[Records excerpted from a collection]
####

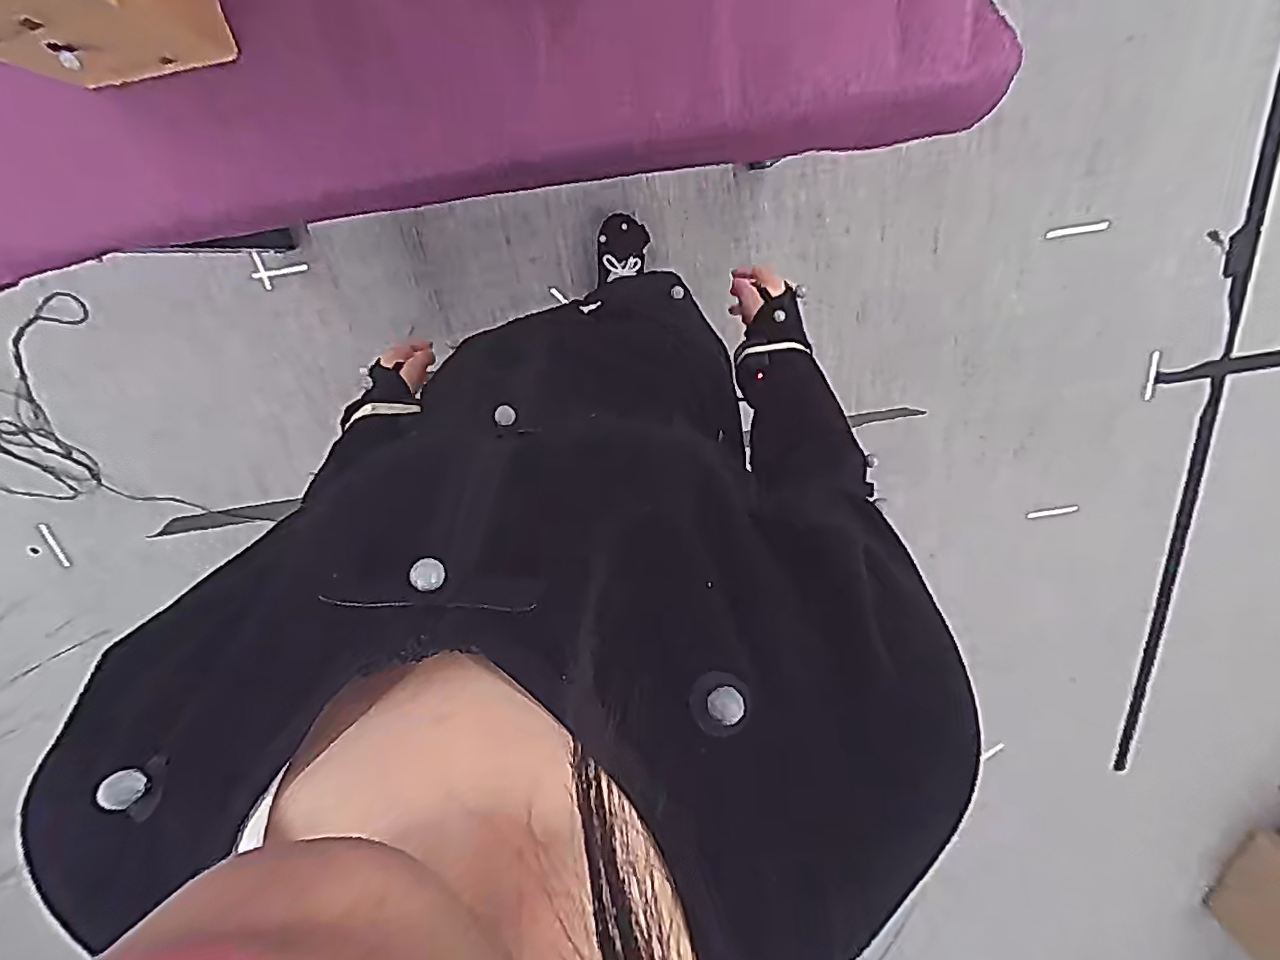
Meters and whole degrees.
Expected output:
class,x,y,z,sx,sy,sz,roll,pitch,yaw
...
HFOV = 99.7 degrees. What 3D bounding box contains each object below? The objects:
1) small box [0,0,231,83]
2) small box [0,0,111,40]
class,x,y,z,sx,sy,sz,roll,pitch,yaw
small box,-0.503,-0.465,0.456,0.168,0.176,0.179,-10,112,1
small box,-0.488,-0.383,0.313,0.168,0.176,0.179,-14,113,3

####

# Your task
What is needed is an exact repeat of the records, with every picture left out.

# Exercise result
Meters and whole degrees.
Expected output:
class,x,y,z,sx,sy,sz,roll,pitch,yaw
...
HFOV = 99.7 degrees. What 3D bounding box contains each object below? The objects:
1) small box [0,0,231,83]
2) small box [0,0,111,40]
class,x,y,z,sx,sy,sz,roll,pitch,yaw
small box,-0.503,-0.465,0.456,0.168,0.176,0.179,-10,112,1
small box,-0.488,-0.383,0.313,0.168,0.176,0.179,-14,113,3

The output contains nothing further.